→ **RECORDS FOR THE TASK**:

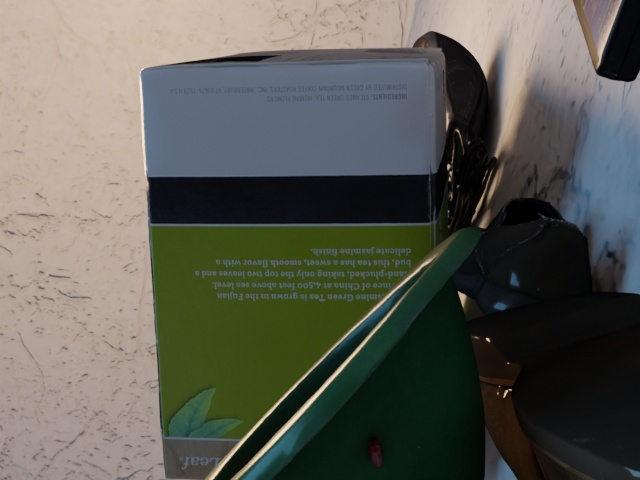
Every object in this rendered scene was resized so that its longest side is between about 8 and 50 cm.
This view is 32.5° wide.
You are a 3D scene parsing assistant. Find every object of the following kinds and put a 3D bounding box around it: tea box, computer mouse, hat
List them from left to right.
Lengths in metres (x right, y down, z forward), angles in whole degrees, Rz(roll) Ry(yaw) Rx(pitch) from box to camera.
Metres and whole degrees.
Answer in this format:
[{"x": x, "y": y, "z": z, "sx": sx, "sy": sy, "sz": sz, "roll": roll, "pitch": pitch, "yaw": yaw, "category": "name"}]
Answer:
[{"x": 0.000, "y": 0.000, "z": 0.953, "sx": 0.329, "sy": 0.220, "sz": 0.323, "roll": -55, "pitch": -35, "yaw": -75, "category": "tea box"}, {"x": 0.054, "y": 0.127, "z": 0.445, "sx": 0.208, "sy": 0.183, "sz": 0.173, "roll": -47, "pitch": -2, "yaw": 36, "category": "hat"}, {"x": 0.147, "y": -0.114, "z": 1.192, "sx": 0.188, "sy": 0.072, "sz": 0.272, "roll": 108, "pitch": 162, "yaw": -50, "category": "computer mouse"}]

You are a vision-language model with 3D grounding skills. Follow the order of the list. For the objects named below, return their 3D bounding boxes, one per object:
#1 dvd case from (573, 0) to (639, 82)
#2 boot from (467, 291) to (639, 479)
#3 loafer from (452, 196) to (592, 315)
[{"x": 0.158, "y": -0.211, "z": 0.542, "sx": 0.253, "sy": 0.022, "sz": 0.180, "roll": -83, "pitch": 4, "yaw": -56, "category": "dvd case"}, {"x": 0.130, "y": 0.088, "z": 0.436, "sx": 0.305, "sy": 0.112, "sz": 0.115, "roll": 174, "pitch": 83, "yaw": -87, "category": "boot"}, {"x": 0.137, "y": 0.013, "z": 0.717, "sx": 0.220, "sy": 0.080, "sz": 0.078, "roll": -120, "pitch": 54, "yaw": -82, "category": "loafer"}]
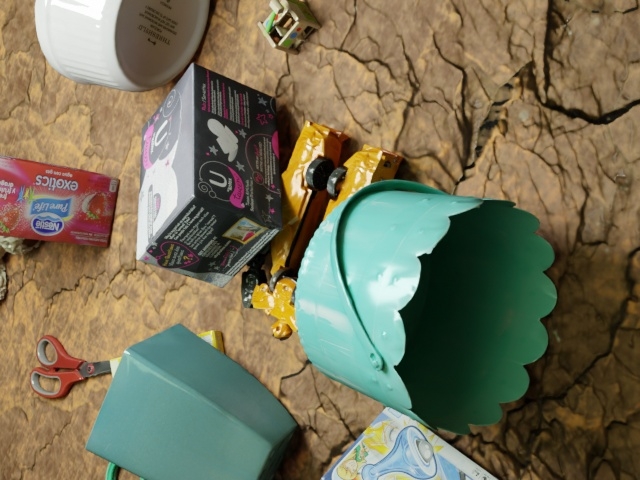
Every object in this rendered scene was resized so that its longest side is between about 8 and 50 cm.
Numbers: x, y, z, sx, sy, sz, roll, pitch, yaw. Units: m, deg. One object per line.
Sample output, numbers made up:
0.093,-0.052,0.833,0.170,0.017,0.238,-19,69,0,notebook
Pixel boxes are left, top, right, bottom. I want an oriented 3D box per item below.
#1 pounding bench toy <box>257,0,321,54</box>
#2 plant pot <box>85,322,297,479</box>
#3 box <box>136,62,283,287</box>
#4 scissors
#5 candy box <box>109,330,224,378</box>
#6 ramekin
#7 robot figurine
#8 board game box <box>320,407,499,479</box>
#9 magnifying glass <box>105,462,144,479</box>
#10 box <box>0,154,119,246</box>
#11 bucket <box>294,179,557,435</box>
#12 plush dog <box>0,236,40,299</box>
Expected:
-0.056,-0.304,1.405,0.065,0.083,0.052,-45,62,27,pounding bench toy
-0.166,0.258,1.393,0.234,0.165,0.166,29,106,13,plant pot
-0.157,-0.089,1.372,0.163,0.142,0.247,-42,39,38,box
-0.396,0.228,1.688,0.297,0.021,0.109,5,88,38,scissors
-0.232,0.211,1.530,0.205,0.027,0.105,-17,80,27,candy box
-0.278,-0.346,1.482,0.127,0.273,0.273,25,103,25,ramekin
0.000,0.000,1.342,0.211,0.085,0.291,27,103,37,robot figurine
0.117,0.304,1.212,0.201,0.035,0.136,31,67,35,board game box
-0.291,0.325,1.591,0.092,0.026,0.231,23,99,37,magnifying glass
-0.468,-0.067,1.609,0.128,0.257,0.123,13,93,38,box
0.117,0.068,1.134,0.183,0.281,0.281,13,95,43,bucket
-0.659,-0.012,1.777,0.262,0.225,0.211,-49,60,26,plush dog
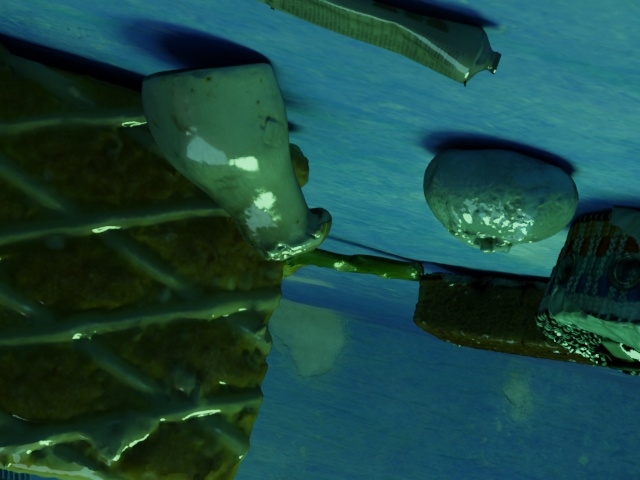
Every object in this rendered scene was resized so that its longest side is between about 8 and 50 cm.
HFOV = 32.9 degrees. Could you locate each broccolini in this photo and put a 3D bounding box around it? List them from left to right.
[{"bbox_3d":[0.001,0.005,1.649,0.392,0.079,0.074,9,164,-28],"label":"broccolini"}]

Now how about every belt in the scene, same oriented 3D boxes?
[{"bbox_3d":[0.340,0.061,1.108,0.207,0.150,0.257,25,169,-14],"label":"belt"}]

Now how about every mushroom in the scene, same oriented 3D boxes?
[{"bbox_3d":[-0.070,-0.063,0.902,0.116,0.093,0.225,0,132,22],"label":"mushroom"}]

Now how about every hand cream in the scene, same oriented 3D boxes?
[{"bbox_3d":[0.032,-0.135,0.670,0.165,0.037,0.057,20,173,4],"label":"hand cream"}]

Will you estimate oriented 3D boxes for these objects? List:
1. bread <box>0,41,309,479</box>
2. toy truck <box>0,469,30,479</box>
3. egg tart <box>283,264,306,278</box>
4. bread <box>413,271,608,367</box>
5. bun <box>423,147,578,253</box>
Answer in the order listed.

→ **EXERCISE**:
Although the records contain pictures, the copy should hold only their text, reproduced exactly.

→ **SOLVED EXERCISE**:
Every object in this rendered scene was resized so that its longest side is between about 8 and 50 cm.
This view is 32.5° wide.
You are a 3D scene parsing assistant. Find every object of the following kinds and put a 3D bounding box around it: tea box, computer mouse, hat
List them from left to right.
Lengths in metres (x right, y down, z forward), angles in whole degrees, Rz(roll) Ry(yaw) Rx(pitch) from box to camera.
Metres and whole degrees.
Answer in this format:
[{"x": x, "y": y, "z": z, "sx": sx, "sy": sy, "sz": sz, "roll": roll, "pitch": pitch, "yaw": yaw, "category": "name"}]
Answer:
[{"x": 0.000, "y": 0.000, "z": 0.953, "sx": 0.329, "sy": 0.220, "sz": 0.323, "roll": -55, "pitch": -35, "yaw": -75, "category": "tea box"}, {"x": 0.054, "y": 0.127, "z": 0.445, "sx": 0.208, "sy": 0.183, "sz": 0.173, "roll": -47, "pitch": -2, "yaw": 36, "category": "hat"}, {"x": 0.147, "y": -0.114, "z": 1.192, "sx": 0.188, "sy": 0.072, "sz": 0.272, "roll": 108, "pitch": 162, "yaw": -50, "category": "computer mouse"}]

You are a vision-language model with 3D grounding skills. Follow the order of the list. For the objects named below, return their 3D bounding boxes, one per object:
#1 dvd case from (573, 0) to (639, 82)
#2 boot from (467, 291) to (639, 479)
#3 loafer from (452, 196) to (592, 315)
[{"x": 0.158, "y": -0.211, "z": 0.542, "sx": 0.253, "sy": 0.022, "sz": 0.180, "roll": -83, "pitch": 4, "yaw": -56, "category": "dvd case"}, {"x": 0.130, "y": 0.088, "z": 0.436, "sx": 0.305, "sy": 0.112, "sz": 0.115, "roll": 174, "pitch": 83, "yaw": -87, "category": "boot"}, {"x": 0.137, "y": 0.013, "z": 0.717, "sx": 0.220, "sy": 0.080, "sz": 0.078, "roll": -120, "pitch": 54, "yaw": -82, "category": "loafer"}]
Every object in this rendered scene was resized so that its longest side is between about 8 and 50 cm.
Numbers: x, y, z, sx, sy, sz, roll, pitch, yaw. Units: m, deg. One object per line.
Sample output, numbers made up:
0.093,-0.052,0.833,0.170,0.017,0.238,-19,69,0,notebook
Pixel boxes are left, top, right, bottom. I want an oriented 3D box per item below.
#1 pounding bench toy <box>257,0,321,54</box>
#2 plant pot <box>85,322,297,479</box>
#3 box <box>136,62,283,287</box>
#4 scissors
#5 candy box <box>109,330,224,378</box>
#6 ramekin
#7 robot figurine
#8 board game box <box>320,407,499,479</box>
#9 magnifying glass <box>105,462,144,479</box>
#10 box <box>0,154,119,246</box>
#11 bucket <box>294,179,557,435</box>
#12 plush dog <box>0,236,40,299</box>
Expected:
-0.056,-0.304,1.405,0.065,0.083,0.052,-45,62,27,pounding bench toy
-0.166,0.258,1.393,0.234,0.165,0.166,29,106,13,plant pot
-0.157,-0.089,1.372,0.163,0.142,0.247,-42,39,38,box
-0.396,0.228,1.688,0.297,0.021,0.109,5,88,38,scissors
-0.232,0.211,1.530,0.205,0.027,0.105,-17,80,27,candy box
-0.278,-0.346,1.482,0.127,0.273,0.273,25,103,25,ramekin
0.000,0.000,1.342,0.211,0.085,0.291,27,103,37,robot figurine
0.117,0.304,1.212,0.201,0.035,0.136,31,67,35,board game box
-0.291,0.325,1.591,0.092,0.026,0.231,23,99,37,magnifying glass
-0.468,-0.067,1.609,0.128,0.257,0.123,13,93,38,box
0.117,0.068,1.134,0.183,0.281,0.281,13,95,43,bucket
-0.659,-0.012,1.777,0.262,0.225,0.211,-49,60,26,plush dog
Every object in this rendered scene was resized so that its longest side is between about 8 and 50 cm.
HFOV = 32.9 degrees. Could you locate each broccolini in this photo and put a 3D bounding box around it? List them from left to right.
[{"bbox_3d":[0.001,0.005,1.649,0.392,0.079,0.074,9,164,-28],"label":"broccolini"}]

Now how about every belt in the scene, same oriented 3D boxes?
[{"bbox_3d":[0.340,0.061,1.108,0.207,0.150,0.257,25,169,-14],"label":"belt"}]

Now how about every mushroom in the scene, same oriented 3D boxes?
[{"bbox_3d":[-0.070,-0.063,0.902,0.116,0.093,0.225,0,132,22],"label":"mushroom"}]

Now how about every hand cream in the scene, same oriented 3D boxes?
[{"bbox_3d":[0.032,-0.135,0.670,0.165,0.037,0.057,20,173,4],"label":"hand cream"}]

Will you estimate oriented 3D boxes for these objects? List:
1. bread <box>0,41,309,479</box>
2. toy truck <box>0,469,30,479</box>
3. egg tart <box>283,264,306,278</box>
4. bread <box>413,271,608,367</box>
5. bun <box>423,147,578,253</box>
Answer in the order listed.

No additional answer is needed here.